[DATA]

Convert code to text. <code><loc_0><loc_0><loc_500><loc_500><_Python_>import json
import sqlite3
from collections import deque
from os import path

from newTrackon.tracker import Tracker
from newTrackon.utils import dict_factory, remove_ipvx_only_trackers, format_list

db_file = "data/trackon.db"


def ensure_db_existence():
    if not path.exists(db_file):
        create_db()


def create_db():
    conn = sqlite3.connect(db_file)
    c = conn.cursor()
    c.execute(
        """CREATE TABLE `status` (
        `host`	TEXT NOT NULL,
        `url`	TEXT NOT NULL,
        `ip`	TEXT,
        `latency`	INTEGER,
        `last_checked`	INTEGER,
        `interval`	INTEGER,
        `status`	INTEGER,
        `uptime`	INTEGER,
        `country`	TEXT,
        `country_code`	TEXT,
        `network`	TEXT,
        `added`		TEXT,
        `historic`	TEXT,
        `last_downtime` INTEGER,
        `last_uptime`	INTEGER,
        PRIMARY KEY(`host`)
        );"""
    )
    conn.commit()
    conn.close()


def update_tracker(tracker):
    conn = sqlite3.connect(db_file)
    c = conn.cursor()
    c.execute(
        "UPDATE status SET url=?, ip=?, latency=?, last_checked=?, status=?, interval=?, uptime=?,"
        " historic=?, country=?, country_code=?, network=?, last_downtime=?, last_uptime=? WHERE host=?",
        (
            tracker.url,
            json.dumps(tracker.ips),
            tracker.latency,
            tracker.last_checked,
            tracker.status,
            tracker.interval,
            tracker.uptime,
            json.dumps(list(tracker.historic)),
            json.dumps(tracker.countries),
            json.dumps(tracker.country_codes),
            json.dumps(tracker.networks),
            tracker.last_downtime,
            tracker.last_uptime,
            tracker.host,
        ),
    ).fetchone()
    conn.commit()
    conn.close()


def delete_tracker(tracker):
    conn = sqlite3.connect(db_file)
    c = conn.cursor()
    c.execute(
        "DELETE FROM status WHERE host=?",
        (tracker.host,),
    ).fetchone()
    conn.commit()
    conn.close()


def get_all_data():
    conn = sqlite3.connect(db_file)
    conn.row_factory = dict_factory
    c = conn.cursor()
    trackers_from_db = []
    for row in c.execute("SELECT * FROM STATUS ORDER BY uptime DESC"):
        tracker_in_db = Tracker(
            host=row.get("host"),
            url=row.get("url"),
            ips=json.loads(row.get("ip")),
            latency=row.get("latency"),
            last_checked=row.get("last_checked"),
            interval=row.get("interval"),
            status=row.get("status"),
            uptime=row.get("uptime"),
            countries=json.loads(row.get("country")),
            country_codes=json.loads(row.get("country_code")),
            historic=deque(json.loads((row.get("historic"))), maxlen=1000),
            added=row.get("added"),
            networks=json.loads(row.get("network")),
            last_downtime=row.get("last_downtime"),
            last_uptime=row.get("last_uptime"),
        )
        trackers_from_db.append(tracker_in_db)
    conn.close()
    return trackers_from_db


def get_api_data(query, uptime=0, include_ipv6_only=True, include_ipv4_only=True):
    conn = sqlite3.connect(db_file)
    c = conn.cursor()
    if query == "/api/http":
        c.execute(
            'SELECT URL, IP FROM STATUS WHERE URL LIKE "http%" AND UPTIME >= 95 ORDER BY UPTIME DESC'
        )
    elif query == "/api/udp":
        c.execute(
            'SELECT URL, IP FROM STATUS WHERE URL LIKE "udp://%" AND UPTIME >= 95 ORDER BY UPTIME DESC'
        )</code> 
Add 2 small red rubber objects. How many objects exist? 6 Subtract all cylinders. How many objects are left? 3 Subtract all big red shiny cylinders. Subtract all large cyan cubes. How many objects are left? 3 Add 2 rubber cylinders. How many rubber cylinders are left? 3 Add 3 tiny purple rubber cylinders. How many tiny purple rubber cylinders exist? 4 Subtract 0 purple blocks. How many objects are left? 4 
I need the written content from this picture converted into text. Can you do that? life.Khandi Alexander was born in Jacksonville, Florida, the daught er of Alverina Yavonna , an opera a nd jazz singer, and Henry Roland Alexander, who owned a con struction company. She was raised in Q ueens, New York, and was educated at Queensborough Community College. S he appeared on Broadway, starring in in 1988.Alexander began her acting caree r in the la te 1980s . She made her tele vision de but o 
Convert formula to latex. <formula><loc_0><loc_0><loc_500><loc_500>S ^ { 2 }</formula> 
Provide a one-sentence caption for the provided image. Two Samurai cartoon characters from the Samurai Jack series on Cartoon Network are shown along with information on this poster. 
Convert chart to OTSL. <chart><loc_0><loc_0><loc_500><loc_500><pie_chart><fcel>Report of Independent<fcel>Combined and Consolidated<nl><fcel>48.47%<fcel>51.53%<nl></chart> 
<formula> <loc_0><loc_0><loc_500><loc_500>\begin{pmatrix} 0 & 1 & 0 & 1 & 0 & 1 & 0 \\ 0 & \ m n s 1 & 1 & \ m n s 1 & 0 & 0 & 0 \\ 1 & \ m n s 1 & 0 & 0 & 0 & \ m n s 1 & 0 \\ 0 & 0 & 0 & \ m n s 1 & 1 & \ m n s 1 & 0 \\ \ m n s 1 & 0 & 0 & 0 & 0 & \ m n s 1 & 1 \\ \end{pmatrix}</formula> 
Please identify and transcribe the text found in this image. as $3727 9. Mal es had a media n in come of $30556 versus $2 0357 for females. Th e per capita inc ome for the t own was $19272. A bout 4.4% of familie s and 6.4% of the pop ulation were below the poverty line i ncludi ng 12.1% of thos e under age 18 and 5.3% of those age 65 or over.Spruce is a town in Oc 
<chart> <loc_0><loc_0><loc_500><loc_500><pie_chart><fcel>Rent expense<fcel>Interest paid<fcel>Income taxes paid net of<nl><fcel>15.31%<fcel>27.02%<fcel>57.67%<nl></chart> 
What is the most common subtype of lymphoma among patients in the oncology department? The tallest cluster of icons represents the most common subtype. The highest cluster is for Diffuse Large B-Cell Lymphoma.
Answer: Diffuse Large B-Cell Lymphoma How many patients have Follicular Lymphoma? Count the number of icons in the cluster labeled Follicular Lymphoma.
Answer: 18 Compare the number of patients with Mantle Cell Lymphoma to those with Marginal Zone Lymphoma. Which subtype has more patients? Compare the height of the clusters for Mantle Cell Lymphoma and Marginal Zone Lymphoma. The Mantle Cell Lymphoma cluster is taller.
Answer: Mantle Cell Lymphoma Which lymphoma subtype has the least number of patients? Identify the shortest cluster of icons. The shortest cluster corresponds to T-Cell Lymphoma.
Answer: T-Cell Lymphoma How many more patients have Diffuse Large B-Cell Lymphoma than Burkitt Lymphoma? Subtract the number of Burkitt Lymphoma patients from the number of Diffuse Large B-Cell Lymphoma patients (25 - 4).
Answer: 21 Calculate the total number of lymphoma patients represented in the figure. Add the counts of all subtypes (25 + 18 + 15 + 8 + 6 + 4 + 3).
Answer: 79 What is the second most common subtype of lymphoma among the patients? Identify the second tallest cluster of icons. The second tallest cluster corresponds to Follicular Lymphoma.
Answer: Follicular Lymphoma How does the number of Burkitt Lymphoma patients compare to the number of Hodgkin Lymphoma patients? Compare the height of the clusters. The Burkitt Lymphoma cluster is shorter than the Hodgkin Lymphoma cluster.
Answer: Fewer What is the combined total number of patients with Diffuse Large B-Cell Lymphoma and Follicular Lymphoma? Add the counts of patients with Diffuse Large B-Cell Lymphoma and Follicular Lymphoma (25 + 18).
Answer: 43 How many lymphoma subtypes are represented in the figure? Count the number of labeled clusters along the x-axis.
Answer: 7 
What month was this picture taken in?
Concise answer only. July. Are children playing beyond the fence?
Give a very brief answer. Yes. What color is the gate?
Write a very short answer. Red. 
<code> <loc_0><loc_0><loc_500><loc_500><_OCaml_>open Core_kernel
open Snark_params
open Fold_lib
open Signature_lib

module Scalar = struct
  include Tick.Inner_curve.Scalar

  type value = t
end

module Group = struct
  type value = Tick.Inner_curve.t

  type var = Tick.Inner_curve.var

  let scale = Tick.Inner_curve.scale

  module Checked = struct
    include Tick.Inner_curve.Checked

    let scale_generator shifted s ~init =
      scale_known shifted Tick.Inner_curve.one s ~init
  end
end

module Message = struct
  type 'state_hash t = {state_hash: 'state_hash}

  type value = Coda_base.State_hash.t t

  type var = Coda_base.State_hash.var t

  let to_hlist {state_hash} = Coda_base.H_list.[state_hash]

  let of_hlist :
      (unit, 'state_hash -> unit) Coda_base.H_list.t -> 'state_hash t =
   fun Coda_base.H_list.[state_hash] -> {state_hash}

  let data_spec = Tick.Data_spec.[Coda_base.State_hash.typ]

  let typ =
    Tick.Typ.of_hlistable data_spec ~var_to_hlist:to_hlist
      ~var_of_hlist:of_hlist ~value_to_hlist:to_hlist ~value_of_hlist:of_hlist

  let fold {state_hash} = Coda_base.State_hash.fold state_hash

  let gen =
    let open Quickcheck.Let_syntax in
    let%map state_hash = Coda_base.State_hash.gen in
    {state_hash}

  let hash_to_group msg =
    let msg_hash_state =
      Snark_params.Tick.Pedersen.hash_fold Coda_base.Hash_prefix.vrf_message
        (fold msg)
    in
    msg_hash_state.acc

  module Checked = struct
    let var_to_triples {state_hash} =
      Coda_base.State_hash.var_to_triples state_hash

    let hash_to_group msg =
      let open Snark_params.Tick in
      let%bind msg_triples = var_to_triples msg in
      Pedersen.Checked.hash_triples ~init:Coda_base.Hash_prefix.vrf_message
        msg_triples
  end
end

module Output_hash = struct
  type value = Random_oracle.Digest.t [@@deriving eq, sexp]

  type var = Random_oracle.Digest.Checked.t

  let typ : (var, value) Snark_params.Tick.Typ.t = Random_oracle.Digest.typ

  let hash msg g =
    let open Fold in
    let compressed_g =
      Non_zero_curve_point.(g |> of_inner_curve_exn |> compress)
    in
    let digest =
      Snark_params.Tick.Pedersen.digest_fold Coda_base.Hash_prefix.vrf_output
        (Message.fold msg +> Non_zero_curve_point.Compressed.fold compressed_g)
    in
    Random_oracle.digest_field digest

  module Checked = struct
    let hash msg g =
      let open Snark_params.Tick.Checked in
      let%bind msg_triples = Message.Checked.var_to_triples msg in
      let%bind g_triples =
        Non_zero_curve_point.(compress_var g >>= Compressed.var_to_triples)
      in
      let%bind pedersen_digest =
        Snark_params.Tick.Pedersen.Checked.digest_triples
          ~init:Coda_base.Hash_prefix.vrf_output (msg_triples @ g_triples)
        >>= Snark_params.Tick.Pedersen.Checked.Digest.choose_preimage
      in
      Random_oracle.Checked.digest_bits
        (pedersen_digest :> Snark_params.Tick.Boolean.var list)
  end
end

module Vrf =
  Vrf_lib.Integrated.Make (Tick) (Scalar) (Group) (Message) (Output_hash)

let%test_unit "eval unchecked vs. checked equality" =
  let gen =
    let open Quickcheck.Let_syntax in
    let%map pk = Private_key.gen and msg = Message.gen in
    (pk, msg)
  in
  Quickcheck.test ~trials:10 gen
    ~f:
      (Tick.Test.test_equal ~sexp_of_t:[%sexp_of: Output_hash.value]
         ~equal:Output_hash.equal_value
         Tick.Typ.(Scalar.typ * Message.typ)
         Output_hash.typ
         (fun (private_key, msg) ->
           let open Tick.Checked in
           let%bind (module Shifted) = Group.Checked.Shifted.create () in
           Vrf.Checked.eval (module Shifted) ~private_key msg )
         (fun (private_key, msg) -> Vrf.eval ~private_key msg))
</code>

[/DATA]

WHAT YOU NEED TO DO
Wherever the word "loads" appears in a line of the records, count that line. Say how many there are, with no other words.

WRITTEN SOLUTION
5